Ravindra Reddy Chowreddy has received MSc in Chemistry from Bangalore University, Bangalore, India in 1999 and PhD in Applied Sciences from Visvesvaraya Technological University, India in 2006. He has 4 years of Post-doctoral research experience from University of Waterloo, Canada. Currently, he is working as a Senior Researcher at Norner AS, an industrial R&D services provider in the field of plastics in Norway. His research areas of interest include polymer nanocomposites, bioplastics from the renewable sources and food co-streams.

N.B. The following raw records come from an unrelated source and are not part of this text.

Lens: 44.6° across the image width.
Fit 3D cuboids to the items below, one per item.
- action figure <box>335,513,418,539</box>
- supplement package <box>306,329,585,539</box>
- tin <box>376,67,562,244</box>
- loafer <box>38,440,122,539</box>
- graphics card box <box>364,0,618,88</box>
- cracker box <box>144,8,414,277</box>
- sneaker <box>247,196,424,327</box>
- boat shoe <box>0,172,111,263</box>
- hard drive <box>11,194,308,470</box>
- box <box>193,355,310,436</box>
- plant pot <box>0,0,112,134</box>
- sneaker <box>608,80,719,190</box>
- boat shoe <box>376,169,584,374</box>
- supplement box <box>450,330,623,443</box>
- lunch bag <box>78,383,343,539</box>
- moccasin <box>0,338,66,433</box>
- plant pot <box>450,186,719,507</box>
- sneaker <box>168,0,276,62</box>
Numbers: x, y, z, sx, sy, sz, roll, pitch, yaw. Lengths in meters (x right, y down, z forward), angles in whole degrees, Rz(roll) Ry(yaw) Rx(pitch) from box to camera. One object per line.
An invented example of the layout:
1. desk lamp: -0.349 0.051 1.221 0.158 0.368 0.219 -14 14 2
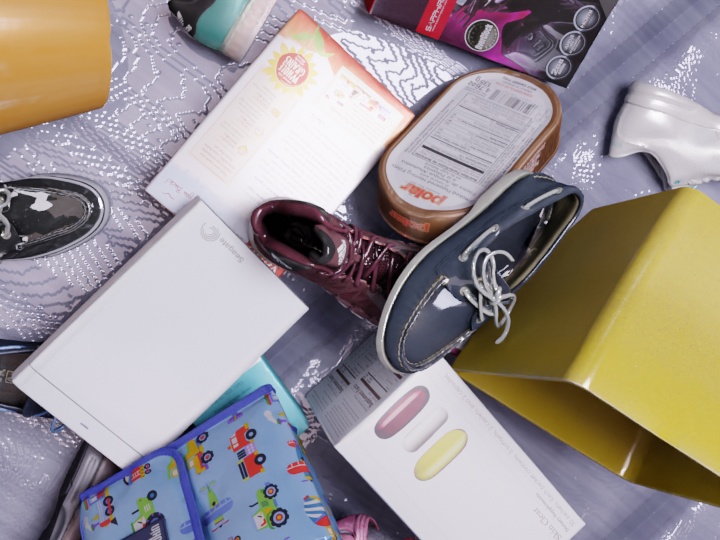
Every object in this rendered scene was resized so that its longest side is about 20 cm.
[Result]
1. action figure: -0.043 0.242 0.764 0.200 0.134 0.149 -12 73 12
2. supplement package: 0.066 0.162 0.761 0.111 0.156 0.200 -42 103 -4
3. tin: 0.093 -0.103 0.748 0.112 0.042 0.200 26 58 27
4. loafer: -0.243 0.238 0.750 0.063 0.072 0.200 24 89 -19
5. graphics card box: 0.118 -0.250 0.755 0.200 0.051 0.126 17 126 -14
6. cracker box: -0.070 -0.102 0.755 0.134 0.058 0.200 41 86 -14
7. sneaker: 0.000 0.000 0.674 0.200 0.116 0.076 21 89 1
8. boat shoe: -0.305 -0.040 0.706 0.199 0.068 0.074 -3 97 -12
9. hard drive: -0.156 0.056 0.706 0.200 0.027 0.132 -45 115 -4
10. box: -0.133 0.077 0.764 0.082 0.049 0.200 -36 102 -6
11. plant pot: -0.289 -0.178 0.646 0.183 0.200 0.200 -8 98 -27
12. sneaker: 0.331 -0.108 0.841 0.200 0.075 0.089 20 104 -7
13. boat shoe: 0.093 0.003 0.658 0.200 0.062 0.075 -43 125 -20
14. supplement box: 0.160 0.045 0.795 0.200 0.103 0.131 31 89 -12
15. lunch bag: -0.124 0.207 0.674 0.200 0.151 0.094 -25 142 -5
16. moccasin: -0.270 0.098 0.728 0.200 0.068 0.081 3 95 -14
17. plant pot: 0.223 0.052 0.666 0.200 0.200 0.177 32 78 -13
18. sneaker: -0.086 -0.278 0.719 0.080 0.071 0.200 28 91 -17
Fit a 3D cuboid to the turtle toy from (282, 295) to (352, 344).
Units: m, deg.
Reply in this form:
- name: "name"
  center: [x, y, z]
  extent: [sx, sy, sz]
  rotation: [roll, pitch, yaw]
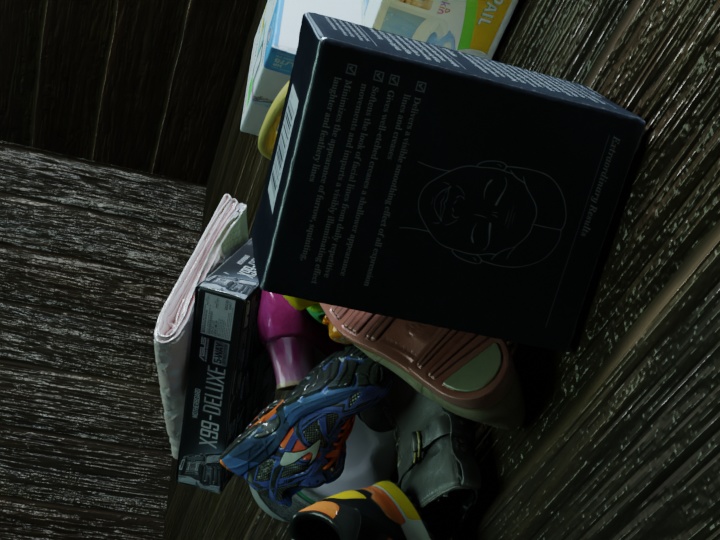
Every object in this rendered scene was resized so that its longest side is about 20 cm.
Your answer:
- name: "turtle toy"
  center: [0.000, 0.000, 1.008]
  extent: [0.102, 0.144, 0.200]
  rotation: [63, 177, -17]

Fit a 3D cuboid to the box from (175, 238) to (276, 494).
- name: "box"
  center: [-0.118, 0.086, 1.064]
  extent: [0.158, 0.049, 0.203]
  rotation: [-54, -25, -67]

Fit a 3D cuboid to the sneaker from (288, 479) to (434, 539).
- name: "sneaker"
  center: [0.021, 0.215, 0.704]
  extent: [0.200, 0.089, 0.071]
  rotation: [46, 133, 51]

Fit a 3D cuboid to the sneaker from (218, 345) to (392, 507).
- name: "sneaker"
  center: [-0.032, 0.127, 0.880]
  extent: [0.200, 0.079, 0.075]
  rotation: [-41, 4, 44]

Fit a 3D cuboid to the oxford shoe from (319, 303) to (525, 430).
- name: "oxford shoe"
  center: [0.036, 0.048, 0.760]
  extent: [0.071, 0.074, 0.200]
  rotation: [-42, 45, -7]

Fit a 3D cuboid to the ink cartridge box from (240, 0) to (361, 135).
- name: "ink cartridge box"
  center: [-0.051, -0.261, 1.342]
  extent: [0.200, 0.144, 0.149]
  rotation: [127, 152, -63]

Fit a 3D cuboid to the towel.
- name: "towel"
  center: [-0.149, 0.059, 1.087]
  extent: [0.202, 0.032, 0.193]
  rotation: [92, -164, -49]

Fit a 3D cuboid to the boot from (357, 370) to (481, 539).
- name: "boot"
  center: [0.038, 0.133, 0.843]
  extent: [0.201, 0.068, 0.176]
  rotation: [118, 157, -53]

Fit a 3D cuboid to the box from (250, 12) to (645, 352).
- name: "box"
  center: [0.046, -0.054, 0.671]
  extent: [0.107, 0.197, 0.151]
  rotation: [-111, 35, -68]

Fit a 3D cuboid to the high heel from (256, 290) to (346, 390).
- name: "high heel"
  center: [-0.044, 0.065, 1.068]
  extent: [0.199, 0.066, 0.098]
  rotation: [9, -112, -65]

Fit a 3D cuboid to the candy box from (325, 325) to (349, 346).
- name: "candy box"
  center: [-0.067, 0.008, 1.287]
  extent: [0.057, 0.115, 0.203]
  rotation: [124, 153, -59]

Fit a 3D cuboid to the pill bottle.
- name: "pill bottle"
  center: [-0.044, 0.181, 1.051]
  extent: [0.200, 0.111, 0.115]
  rotation: [132, 147, -64]

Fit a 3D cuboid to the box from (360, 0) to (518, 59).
- name: "box"
  center: [0.081, -0.273, 0.892]
  extent: [0.102, 0.111, 0.201]
  rotation: [-91, 18, -47]

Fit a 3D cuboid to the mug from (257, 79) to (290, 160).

Polymer nanocomposites (PNCs) containing organic and inorganic nano-fillers have attracted great interest from both academia and industry due to their unique characteristics. PNCs exhibit superior mechanical properties, lower permeability for gases, improved flame retardancy, better thermal stability, improved chemical resistance, and enhanced thermal and electrical conductivity. In the present study, recycled poly(ethylene terephthalate) (PET) nanocomposites containing multi-wall carbon nanotubes (CNTs) were prepared through melt compounding via masterbatch dilution method. The masterbatch and the nanocomposites were processed in a twin-screw extruder. The resulting PET-CNT nanocomposites were characterized for rheological, thermal, mechanical and morphological properties. Incorporation of CNTs into recycled PET at reasonably lower concentration significantly increases the viscosity. The storage modulus and loss modulus of nanocomposites was also increased with CNTs loading and which was more pronounced at lower frequencies. The incorporated CNTs in recycled PET increase the degree of crystallinity and crystallization temperature through heterogeneous nucleation. Thermal stability and glass transition temperature of PET-CNT nanocomposites was slightly higher than the reference recycled PET. The tensile properties of PET-CNT nanocomposites increased even at low concentrations of CNTs. Morphological investigation through scanning electron microscopy indicated homogeneous dispersion of CNTs at lower concentrations. At higher concentrations, the CNTs tend to agglomerate due to nanotube-nanotube interactions.